▶ **Problem to work on**:
Exactly as written, return the entries below, minus any pictures.

[Information provided Boundary: Start]

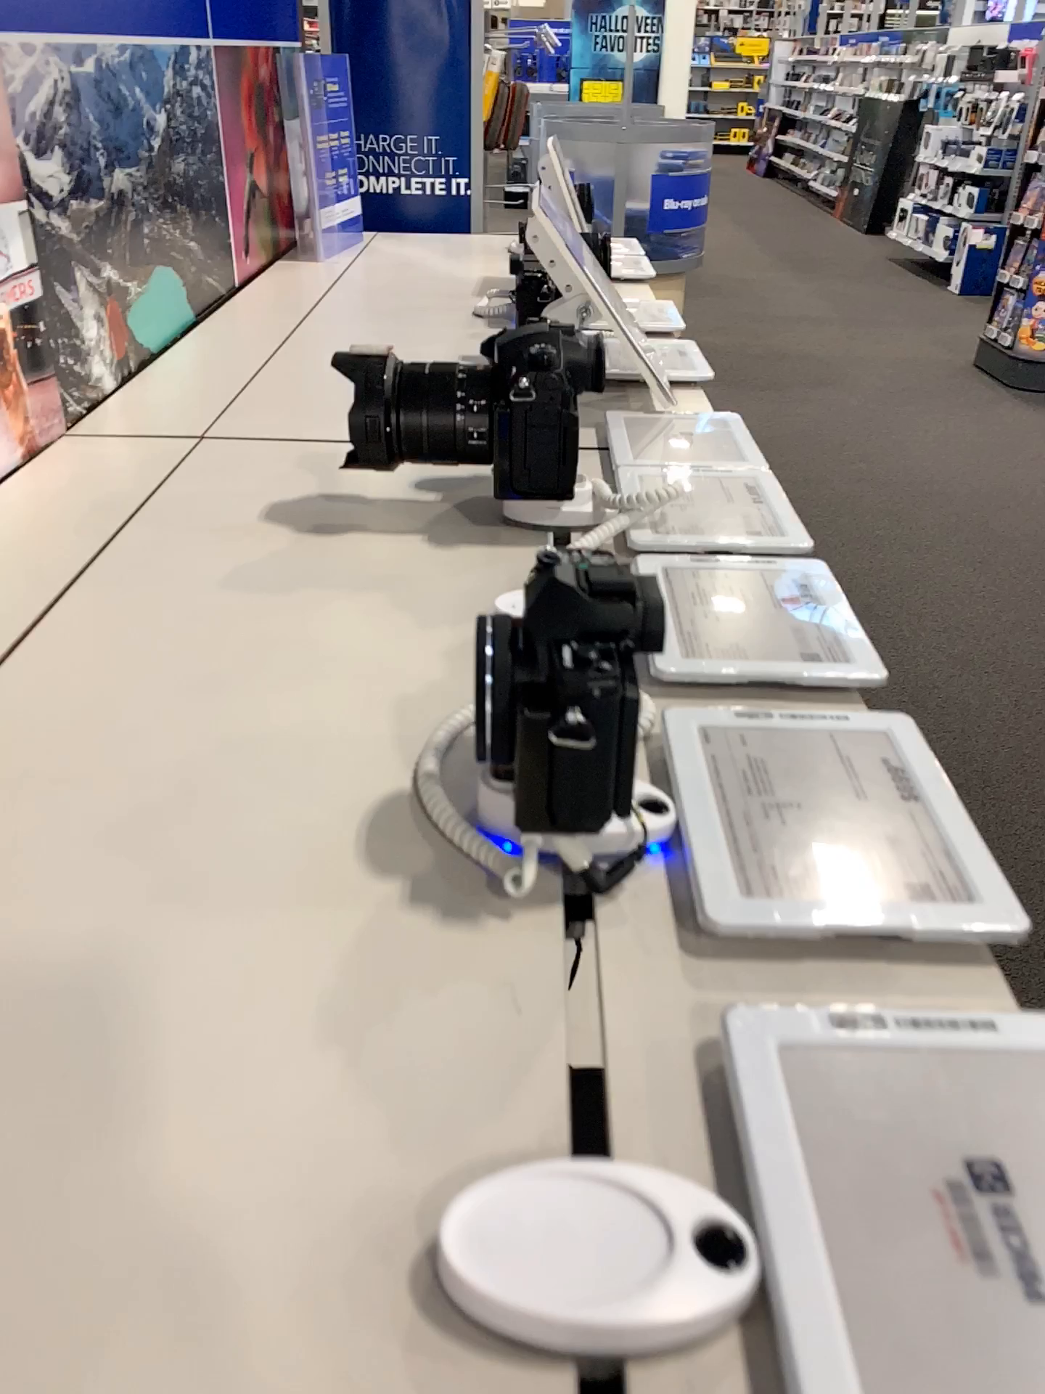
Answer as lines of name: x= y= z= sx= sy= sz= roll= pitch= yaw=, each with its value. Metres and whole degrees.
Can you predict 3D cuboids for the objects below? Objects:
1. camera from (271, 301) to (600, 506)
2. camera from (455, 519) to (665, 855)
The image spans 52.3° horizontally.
camera: x=-0.055 y=-0.205 z=0.733 sx=0.200 sy=0.099 sz=0.141 roll=0 pitch=31 yaw=-2
camera: x=0.010 y=-0.010 z=0.430 sx=0.070 sy=0.080 sz=0.131 roll=0 pitch=31 yaw=-2
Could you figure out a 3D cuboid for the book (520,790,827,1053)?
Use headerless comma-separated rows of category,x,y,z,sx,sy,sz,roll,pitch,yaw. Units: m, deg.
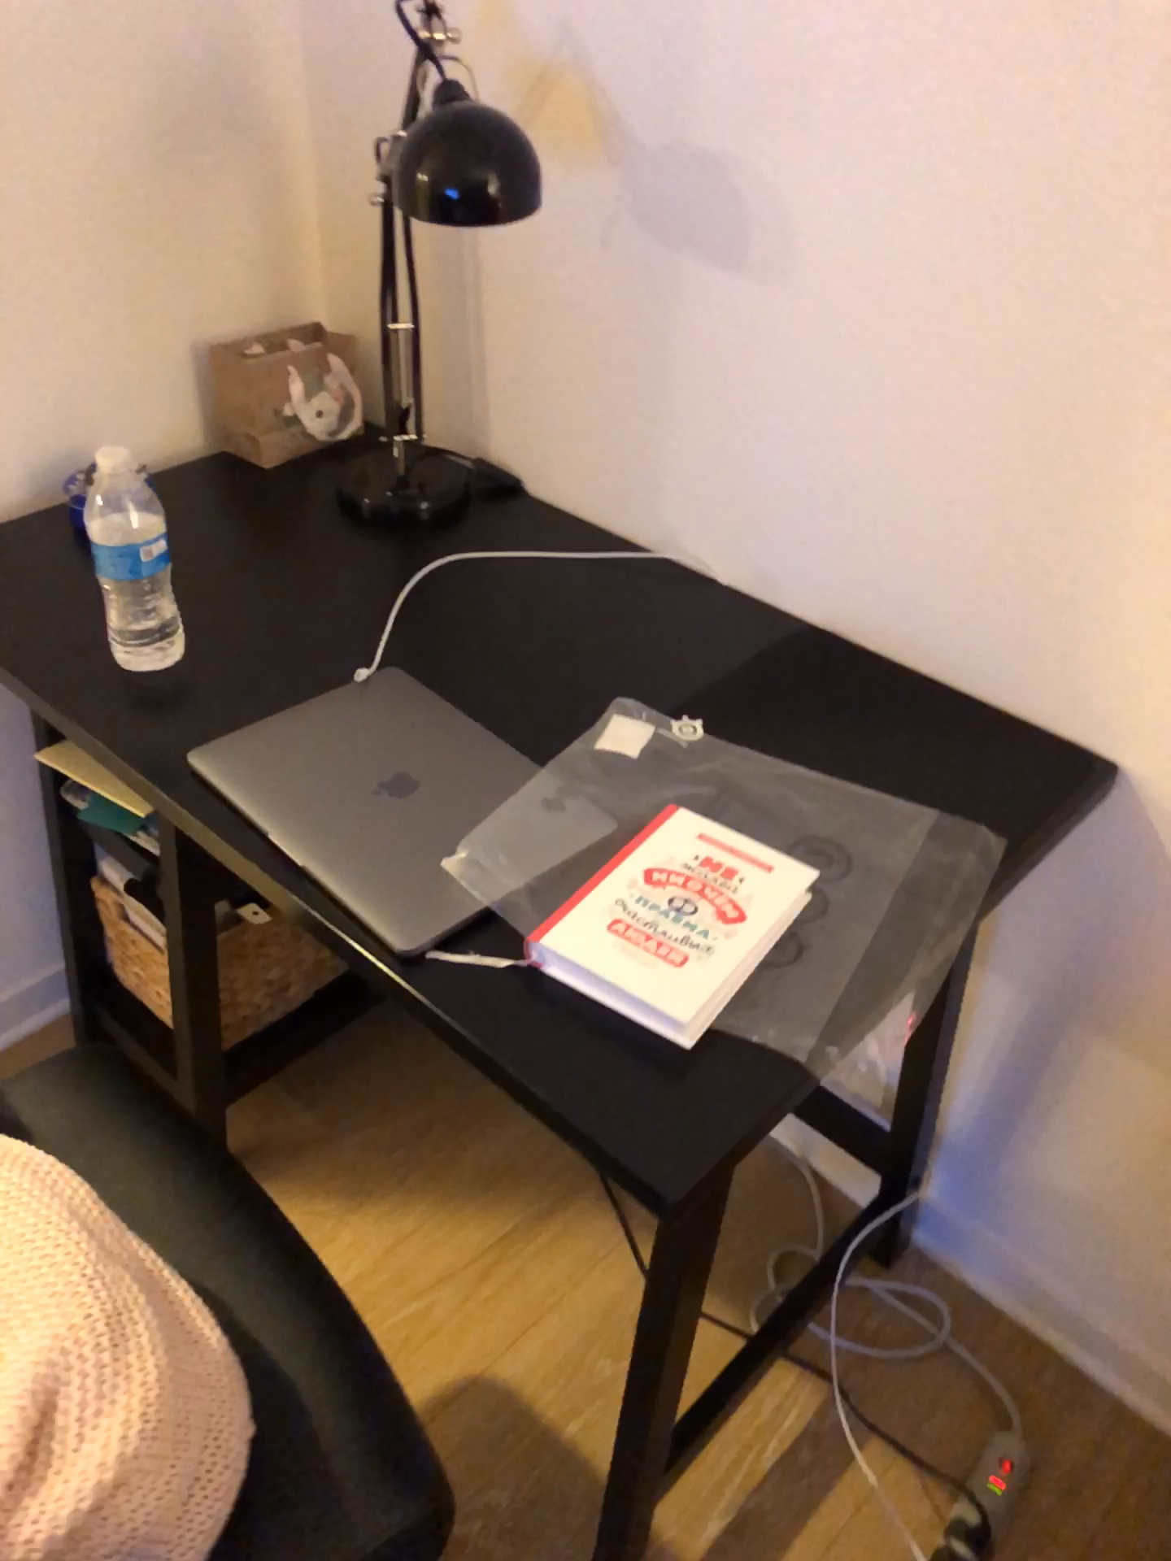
book,0.066,0.092,0.920,0.140,0.030,0.191,24,43,25
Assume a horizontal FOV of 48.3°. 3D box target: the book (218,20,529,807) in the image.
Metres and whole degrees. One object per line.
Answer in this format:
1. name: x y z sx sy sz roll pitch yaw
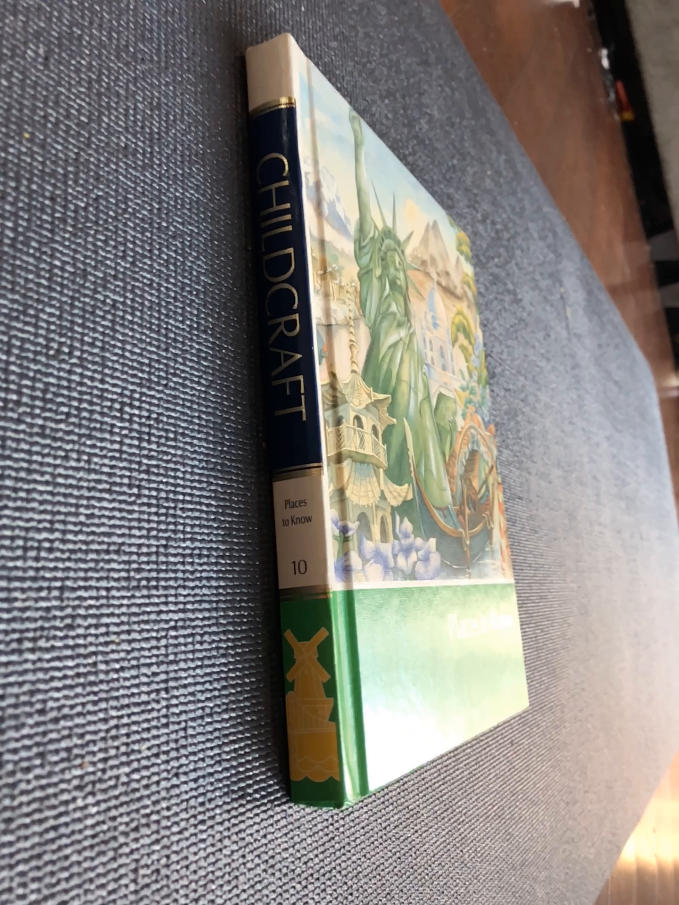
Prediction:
1. book: 0.025 -0.009 0.322 0.191 0.030 0.250 17 66 -61
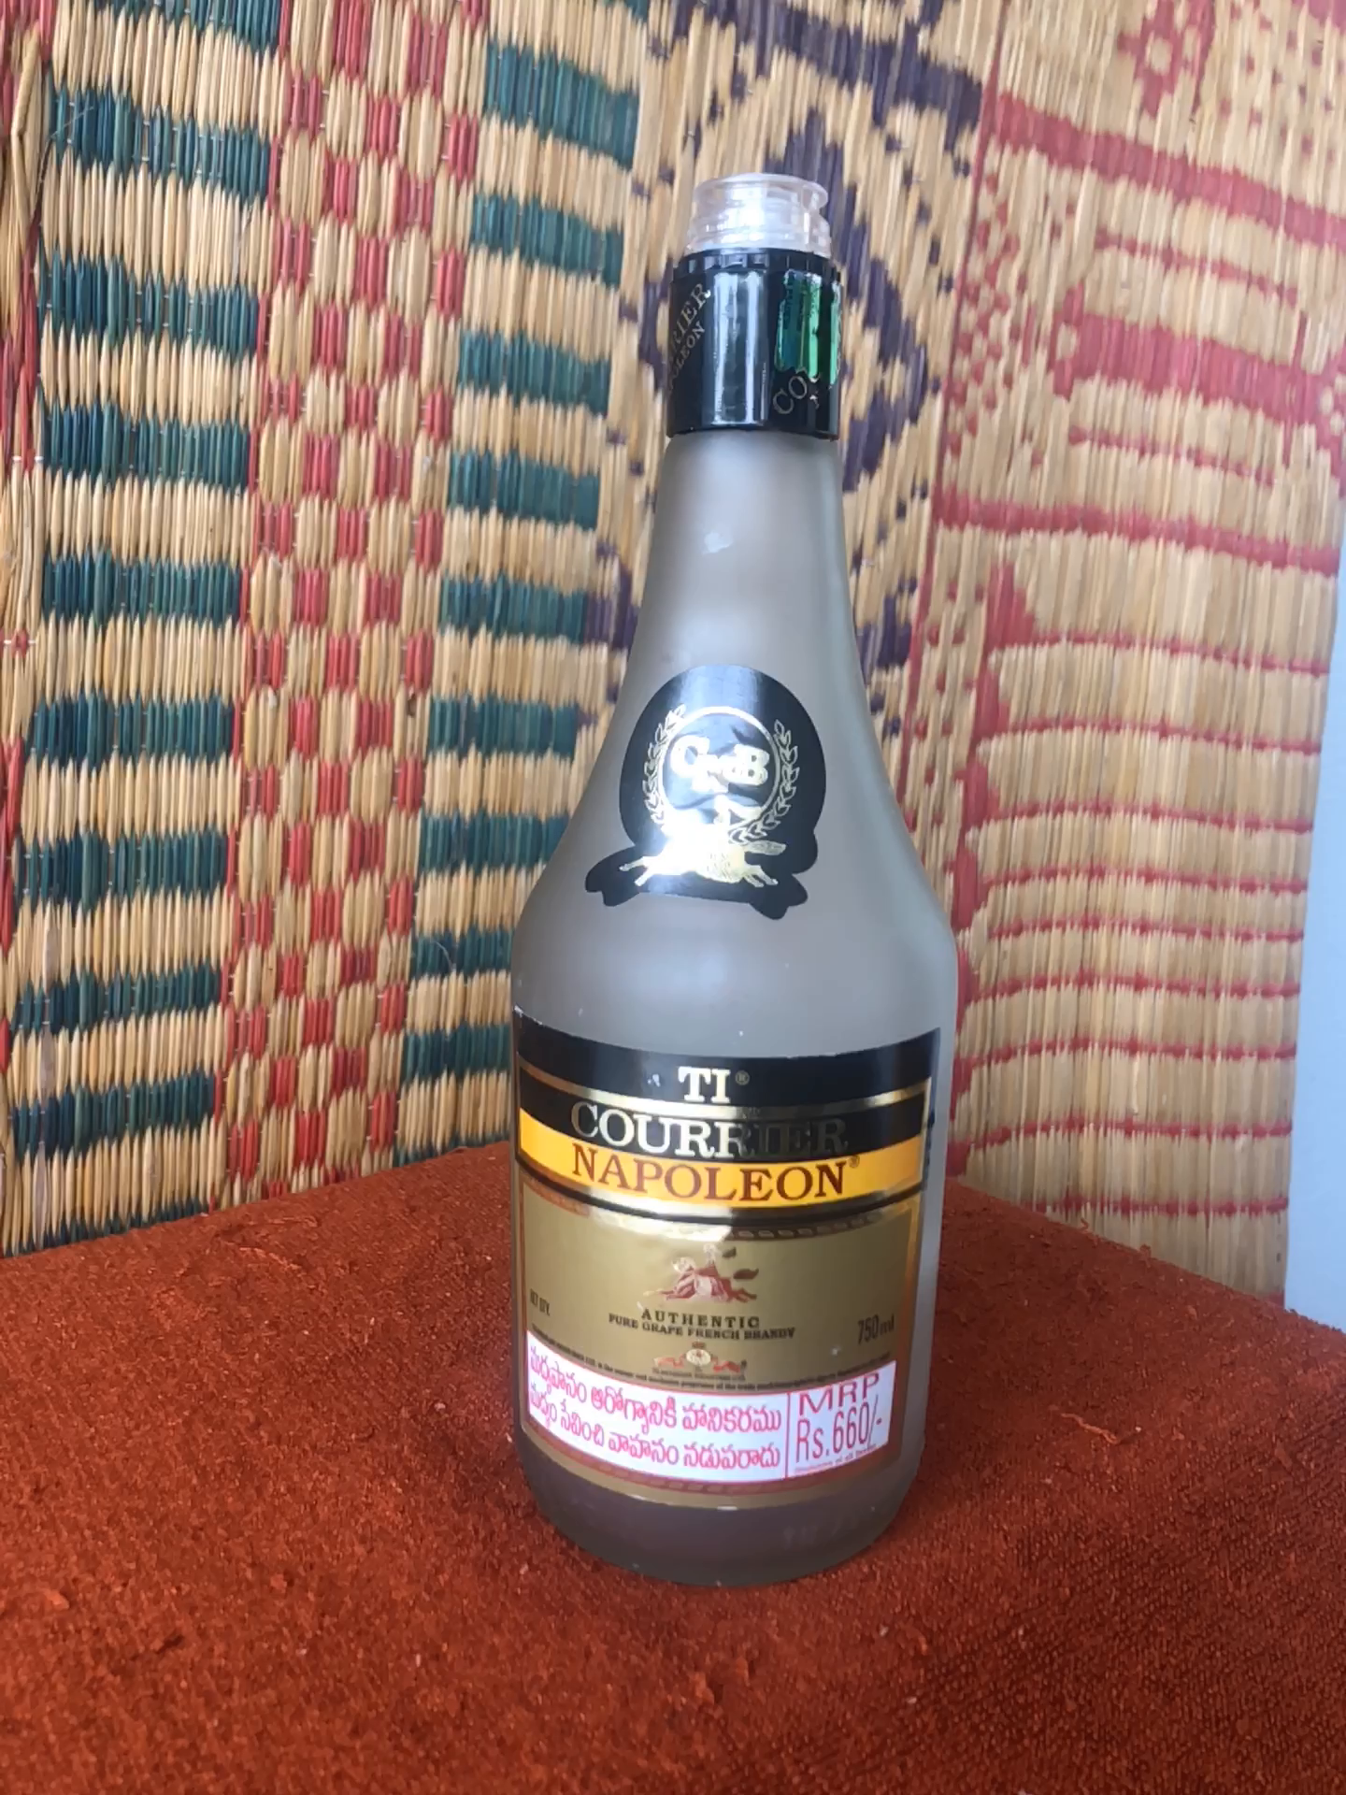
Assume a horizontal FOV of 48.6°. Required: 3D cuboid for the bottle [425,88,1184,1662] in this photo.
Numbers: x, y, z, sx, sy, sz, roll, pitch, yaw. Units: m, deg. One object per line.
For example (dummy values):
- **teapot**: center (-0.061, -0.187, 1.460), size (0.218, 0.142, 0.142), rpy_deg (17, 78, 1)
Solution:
- **bottle**: center (0.022, -0.004, 0.286), size (0.100, 0.249, 0.090), rpy_deg (7, 11, 9)

[Information provided Boundary: End]

▶ **Completed exercise**:
Answer as lines of name: x= y= z= sx= sy= sz= roll= pitch= yaw=, each with its value. Metres and whole degrees.
Can you predict 3D cuboids for the objects below? Objects:
1. camera from (271, 301) to (600, 506)
2. camera from (455, 519) to (665, 855)
The image spans 52.3° horizontally.
camera: x=-0.055 y=-0.205 z=0.733 sx=0.200 sy=0.099 sz=0.141 roll=0 pitch=31 yaw=-2
camera: x=0.010 y=-0.010 z=0.430 sx=0.070 sy=0.080 sz=0.131 roll=0 pitch=31 yaw=-2
Could you figure out a 3D cuboid for the book (520,790,827,1053)?
Use headerless comma-separated rows of category,x,y,z,sx,sy,sz,roll,pitch,yaw. Units: m, deg.
book,0.066,0.092,0.920,0.140,0.030,0.191,24,43,25
Assume a horizontal FOV of 48.3°. 3D box target: the book (218,20,529,807) in the image.
Metres and whole degrees. One object per line.
Answer in this format:
1. name: x y z sx sy sz roll pitch yaw
Prediction:
1. book: 0.025 -0.009 0.322 0.191 0.030 0.250 17 66 -61
Assume a horizontal FOV of 48.6°. Required: 3D cuboid for the bottle [425,88,1184,1662] in this photo.
Numbers: x, y, z, sx, sy, sz, roll, pitch, yaw. Units: m, deg. One object per line.
For example (dummy values):
- **teapot**: center (-0.061, -0.187, 1.460), size (0.218, 0.142, 0.142), rpy_deg (17, 78, 1)
Solution:
- **bottle**: center (0.022, -0.004, 0.286), size (0.100, 0.249, 0.090), rpy_deg (7, 11, 9)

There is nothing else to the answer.